Schools, by dint of necessity, have thick doors that lock off the admin area from the public. It's a door with a key that you have to use each time you open it. 

I know all of this because after the first door slam—which I was not expecting as I perched on an arm rest and waited for the bell—triggered a fight flight response. The door slam shot through me and out the other side and my PTSD-afflicted under brain reacted. Even as I knew logically nothing was wrong my brain chemistry fired and I started crying.

I had to then watch the door instead of the corridor for my son and hope he saw me and the way out because if I didn't know the door slam was coming then my fight flight worsened. 

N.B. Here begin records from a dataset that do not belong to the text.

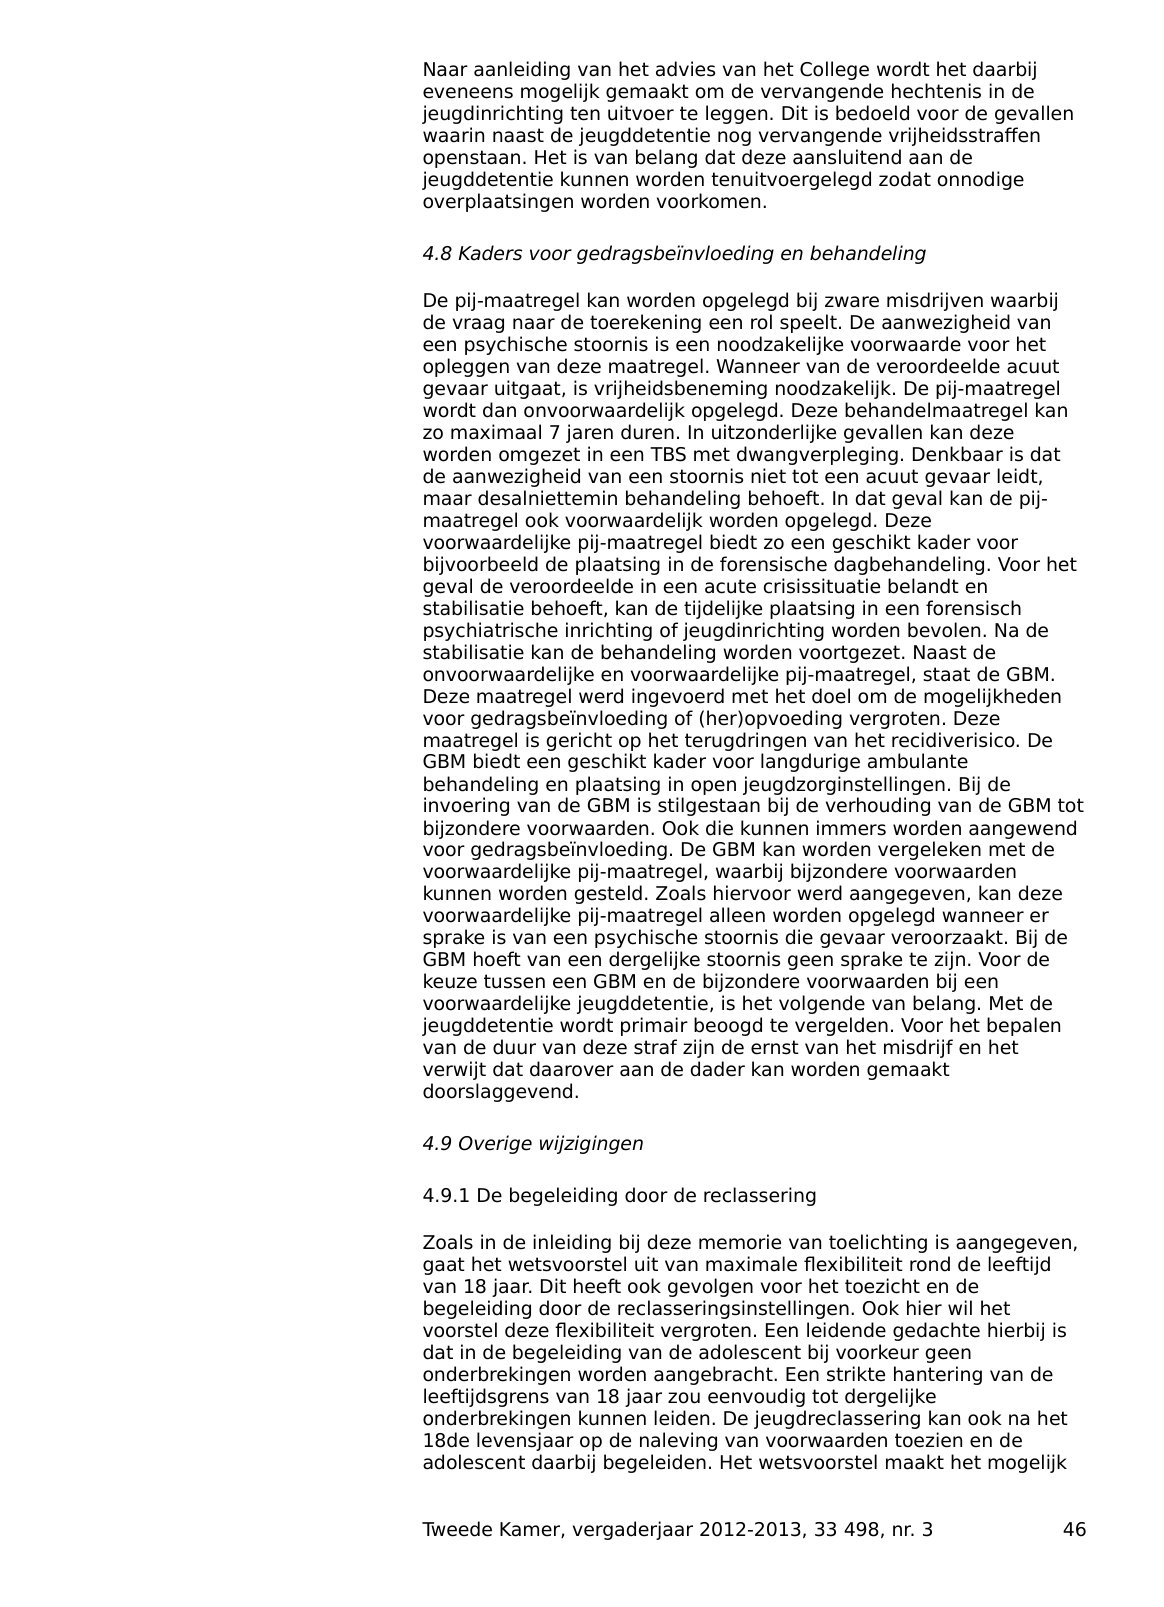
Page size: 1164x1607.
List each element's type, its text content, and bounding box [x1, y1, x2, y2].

subtitle 4.9.1 De begeleiding door de reclassering [422, 1185, 1087, 1207]
text Naar aanleiding van het advies van het College wordt het daarbij eveneens mogelijk gemaakt om de vervangende hechtenis in de jeugdinrichting ten uitvoer te leggen. Dit is bedoeld voor de gevallen waarin naast de jeugddetentie nog vervangende vrijheidsstraffen openstaan. Het is van belang dat deze aansluitend aan de jeugddetentie kunnen worden tenuitvoergelegd zodat onnodige overplaatsingen worden voorkomen. [422, 59, 1087, 213]
text De pij-maatregel kan worden opgelegd bij zware misdrijven waarbij de vraag naar de toerekening een rol speelt. De aanwezigheid van een psychische stoornis is een noodzakelijke voorwaarde voor het opleggen van deze maatregel. Wanneer van de veroordeelde acuut gevaar uitgaat, is vrijheidsbeneming noodzakelijk. De pij-maatregel wordt dan onvoorwaardelijk opgelegd. Deze behandelmaatregel kan zo maximaal 7 jaren duren. In uitzonderlijke gevallen kan deze worden omgezet in een TBS met dwangverpleging. Denkbaar is dat de aanwezigheid van een stoornis niet tot een acuut gevaar leidt, maar desalniettemin behandeling behoeft. In dat geval kan de pij-maatregel ook voorwaardelijk worden opgelegd. Deze voorwaardelijke pij-maatregel biedt zo een geschikt kader voor bijvoorbeeld de plaatsing in de forensische dagbehandeling. Voor het geval de veroordeelde in een acute crisissituatie belandt en stabilisatie behoeft, kan de tijdelijke plaatsing in een forensisch psychiatrische inrichting of jeugdinrichting worden bevolen. Na de stabilisatie kan de behandeling worden voortgezet. Naast de onvoorwaardelijke en voorwaardelijke pij-maatregel, staat de GBM. Deze maatregel werd ingevoerd met het doel om de mogelijkheden voor gedragsbeïnvloeding of (her)opvoeding vergroten. Deze maatregel is gericht op het terugdringen van het recidiverisico. De GBM biedt een geschikt kader voor langdurige ambulante behandeling en plaatsing in open jeugdzorginstellingen. Bij de invoering van de GBM is stilgestaan bij de verhouding van de GBM tot bijzondere voorwaarden. Ook die kunnen immers worden aangewend voor gedragsbeïnvloeding. De GBM kan worden vergeleken met de voorwaardelijke pij-maatregel, waarbij bijzondere voorwaarden kunnen worden gesteld. Zoals hiervoor werd aangegeven, kan deze voorwaardelijke pij-maatregel alleen worden opgelegd wanneer er sprake is van een psychische stoornis die gevaar veroorzaakt. Bij de GBM hoeft van een dergelijke stoornis geen sprake te zijn. Voor de keuze tussen een GBM en de bijzondere voorwaarden bij een voorwaardelijke jeugddetentie, is het volgende van belang. Met de jeugddetentie wordt primair beoogd te vergelden. Voor het bepalen van de duur van deze straf zijn de ernst van het misdrijf en het verwijt dat daarover aan de dader kan worden gemaakt doorslaggevend. [422, 290, 1087, 1103]
text Zoals in de inleiding bij deze memorie van toelichting is aangegeven, gaat het wetsvoorstel uit van maximale flexibiliteit rond de leeftijd van 18 jaar. Dit heeft ook gevolgen voor het toezicht en de begeleiding door de reclasseringsinstellingen. Ook hier wil het voorstel deze flexibiliteit vergroten. Een leidende gedachte hierbij is dat in de begeleiding van de adolescent bij voorkeur geen onderbrekingen worden aangebracht. Een strikte hantering van de leeftijdsgrens van 18 jaar zou eenvoudig tot dergelijke onderbrekingen kunnen leiden. De jeugdreclassering kan ook na het 18de levensjaar op de naleving van voorwaarden toezien en de adolescent daarbij begeleiden. Het wetsvoorstel maakt het mogelijk [422, 1232, 1087, 1474]
subtitle 4.9 Overige wijzigingen [422, 1133, 1087, 1155]
subtitle 4.8 Kaders voor gedragsbeïnvloeding en behandeling [422, 243, 1087, 265]
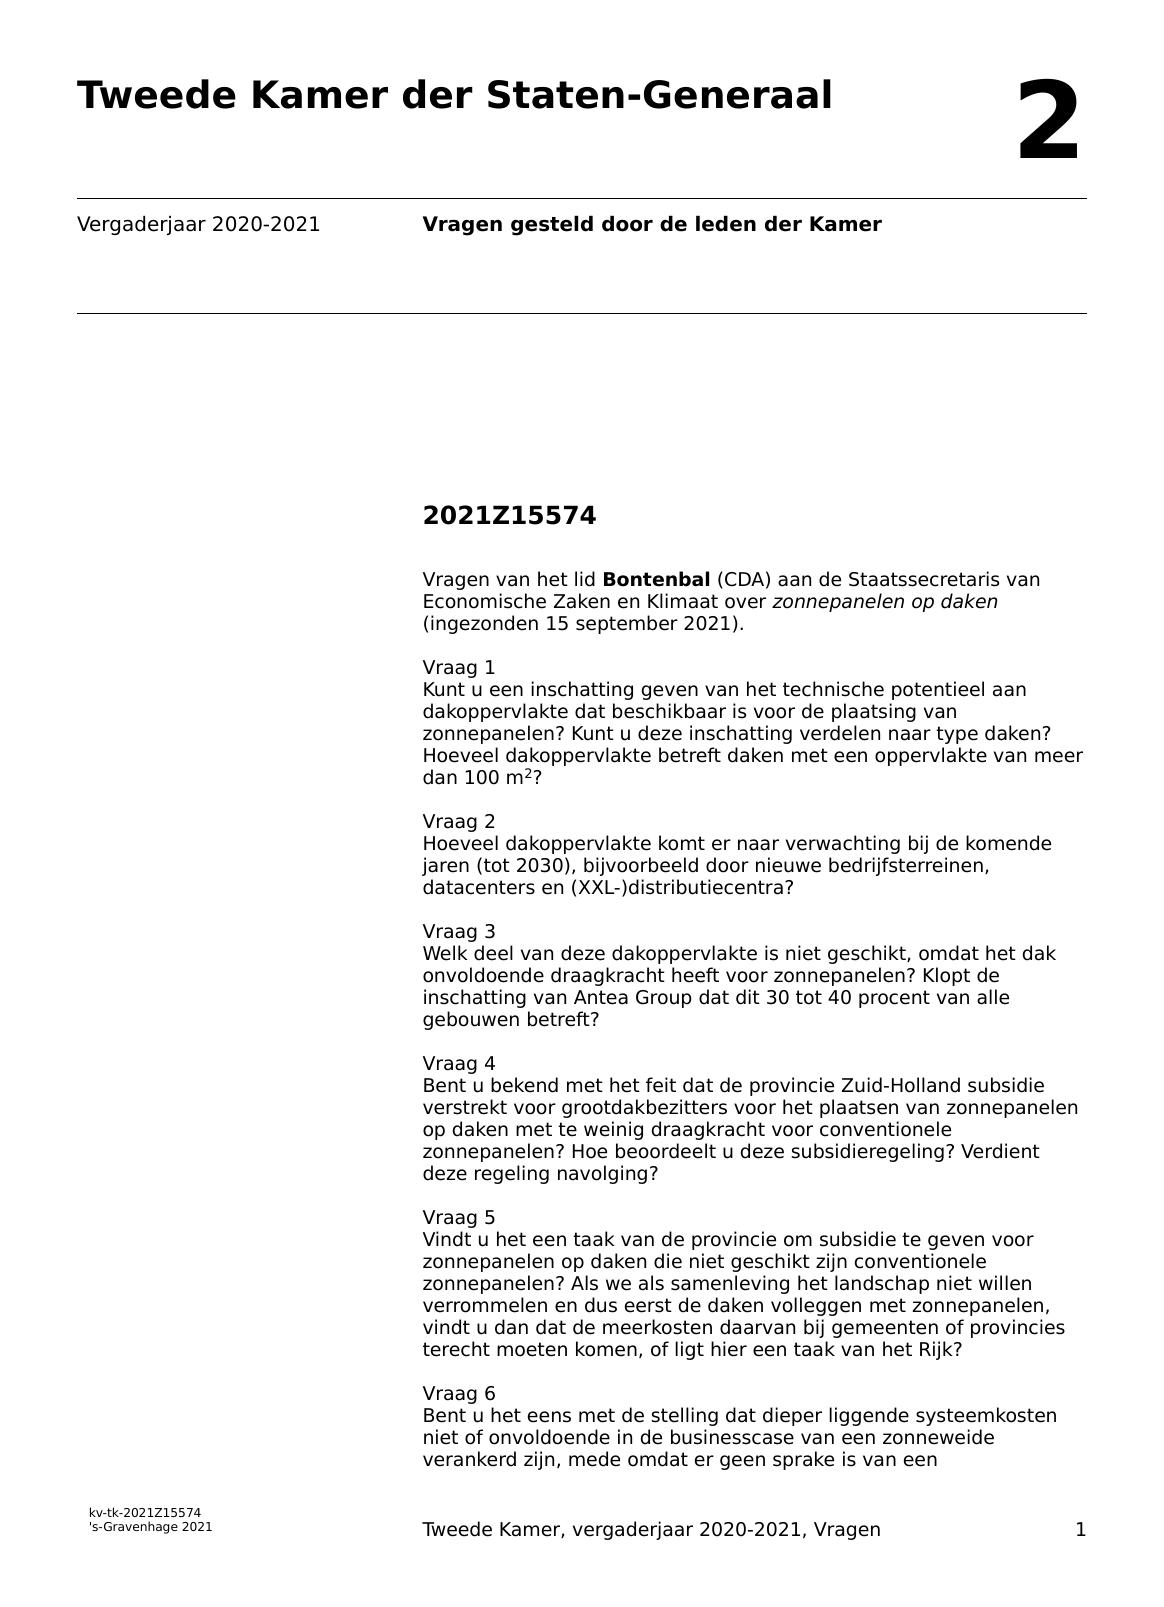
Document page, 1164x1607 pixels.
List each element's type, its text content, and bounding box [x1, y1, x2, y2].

text 's-Gravenhage 2021 [88, 1520, 323, 1534]
text Vraag 3 [422, 921, 1087, 943]
table_cell Vragen gesteld door de leden der Kamer [422, 199, 1087, 313]
text Kunt u een inschatting geven van het technische potentieel aan dakoppervlakte dat beschikbaar is voor de plaatsing van zonnepanelen? Kunt u deze inschatting verdelen naar type daken? Hoeveel dakoppervlakte betreft daken met een oppervlakte van meer dan 100 m2? [422, 679, 1087, 789]
text Vraag 1 [422, 657, 1087, 679]
text 2021Z15574 [422, 501, 1087, 531]
text Bent u het eens met de stelling dat dieper liggende systeemkosten niet of onvoldoende in de businesscase van een zonneweide verankerd zijn, mede omdat er geen sprake is van een [422, 1405, 1087, 1471]
text Vraag 5 [422, 1207, 1087, 1229]
table_header 2 [886, 59, 1087, 198]
table_header Tweede Kamer der Staten-Generaal [77, 59, 886, 198]
text Vragen van het lid Bontenbal (CDA) aan de Staatssecretaris van Economische Zaken en Klimaat over zonnepanelen op daken (ingezonden 15 september 2021). [422, 569, 1087, 635]
text Welk deel van deze dakoppervlakte is niet geschikt, omdat het dak onvoldoende draagkracht heeft voor zonnepanelen? Klopt de inschatting van Antea Group dat dit 30 tot 40 procent van alle gebouwen betreft? [422, 943, 1087, 1031]
table_cell Vergaderjaar 2020-2021 [77, 199, 422, 313]
text Hoeveel dakoppervlakte komt er naar verwachting bij de komende jaren (tot 2030), bijvoorbeeld door nieuwe bedrijfsterreinen, datacenters en (XXL-)distributiecentra? [422, 833, 1087, 899]
text Vraag 2 [422, 811, 1087, 833]
text Vindt u het een taak van de provincie om subsidie te geven voor zonnepanelen op daken die niet geschikt zijn conventionele zonnepanelen? Als we als samenleving het landschap niet willen verrommelen en dus eerst de daken volleggen met zonnepanelen, vindt u dan dat de meerkosten daarvan bij gemeenten of provincies terecht moeten komen, of ligt hier een taak van het Rijk? [422, 1229, 1087, 1361]
text Bent u bekend met het feit dat de provincie Zuid-Holland subsidie verstrekt voor grootdakbezitters voor het plaatsen van zonnepanelen op daken met te weinig draagkracht voor conventionele zonnepanelen? Hoe beoordeelt u deze subsidieregeling? Verdient deze regeling navolging? [422, 1075, 1087, 1185]
text Vraag 4 [422, 1053, 1087, 1075]
text kv-tk-2021Z15574 [88, 1506, 323, 1520]
text Vraag 6 [422, 1383, 1087, 1405]
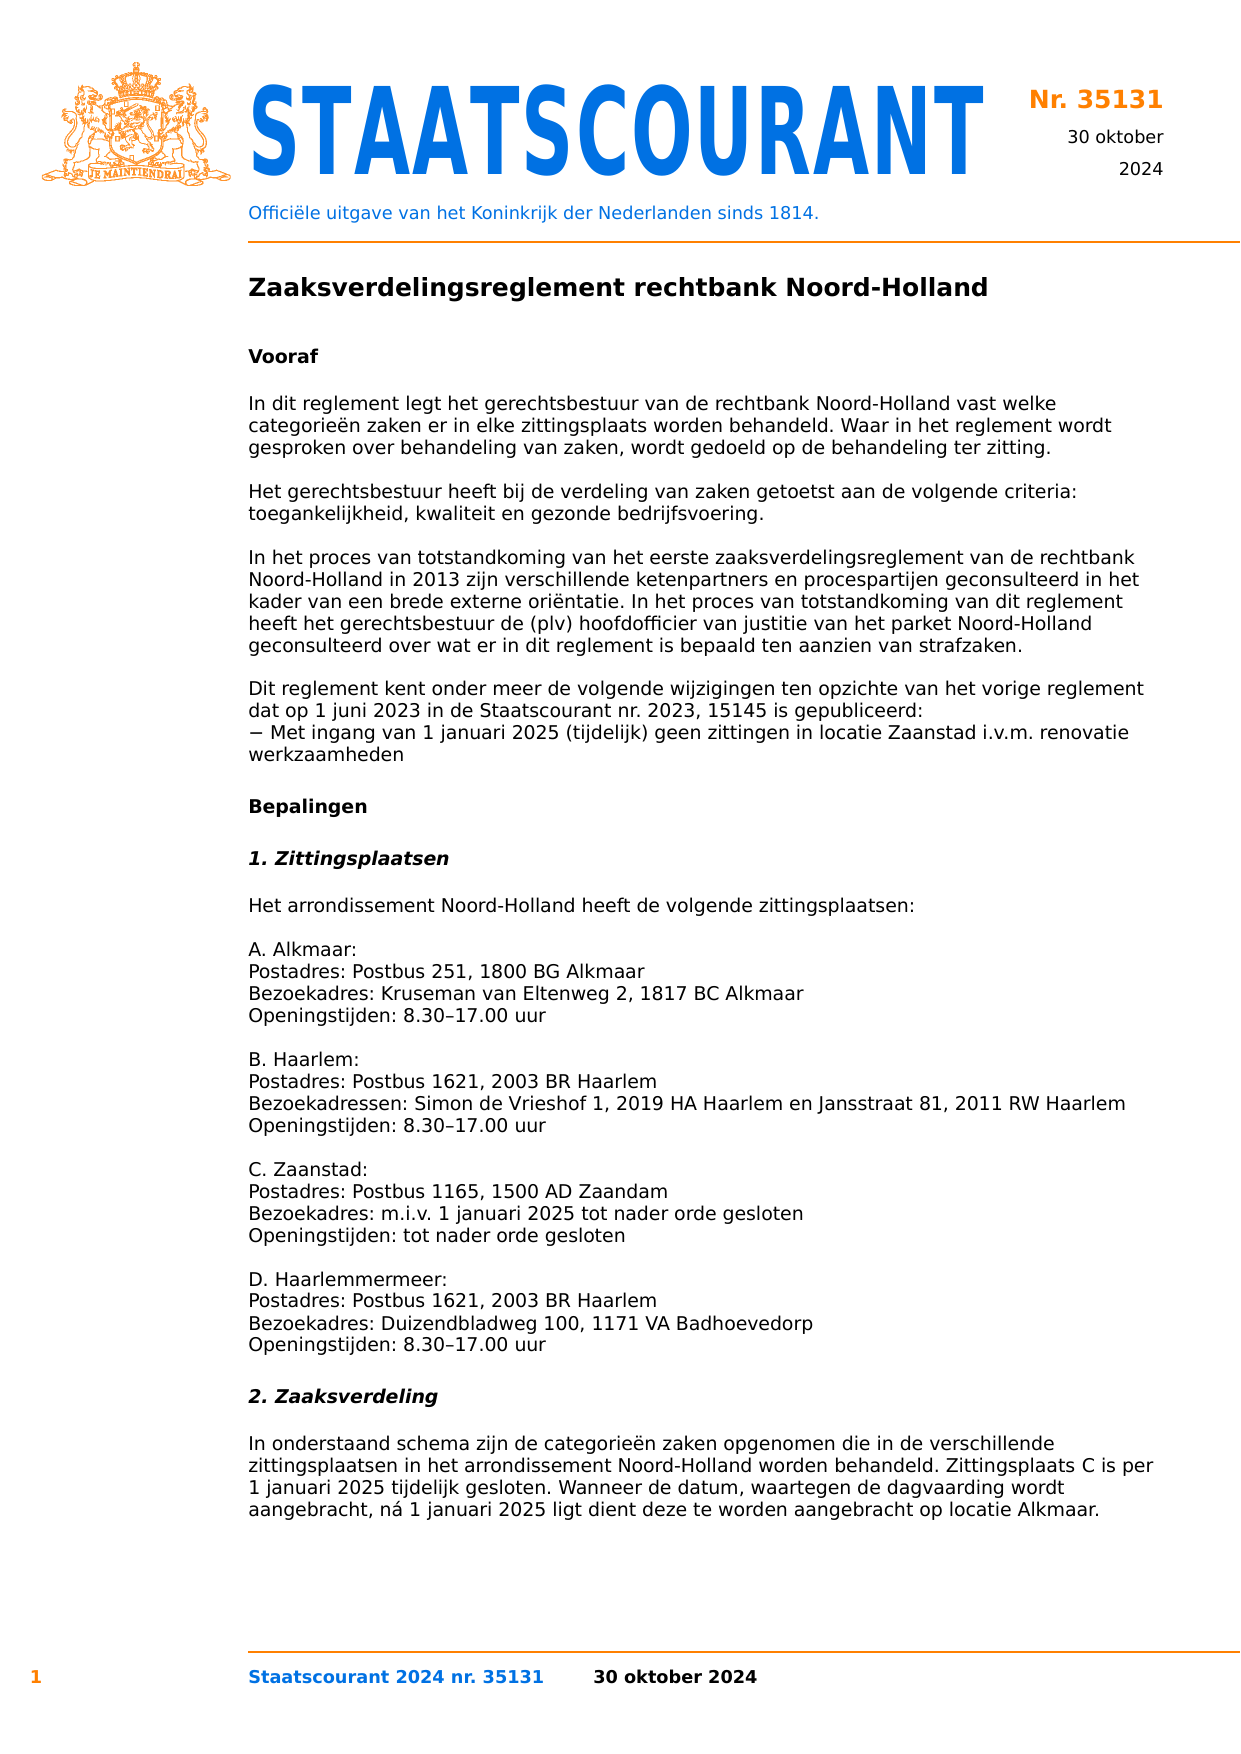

I was shaking, and crying, but not big outburst tears, just fat trickles that rolled down a trembling face. Some of theboy's peers walked past and I'm not sure if they saw I was crying or not but if they ask theboy, who has been my carer in times of acute panic, he will explain I got injured in the workplace and that's part of the result.

We've arranged for a new meeting spot, under some pine trees. It will be shady there—and there will be no scary door.

I hate that my under brain—my upside down in Stranger Things terms—still has this capacity to react. I've been good with sudden noises but they happened at a distance; the concussive power of that door slam was something else entirely—I could feel it and my underbrain cooked off and ordered me to flee. 

Except I couldn't as I was meeting theboy. So I bore it, watching the scary door, crying and waiting for him to arrive.

Then we had a kick-arse ride home on the trike with him in the back. 

The scary door; for me it's a real thing with real life implications. But I'll treat it as I treat all such triggers, with guarded suspicion and avoidance where practical.

WFTW.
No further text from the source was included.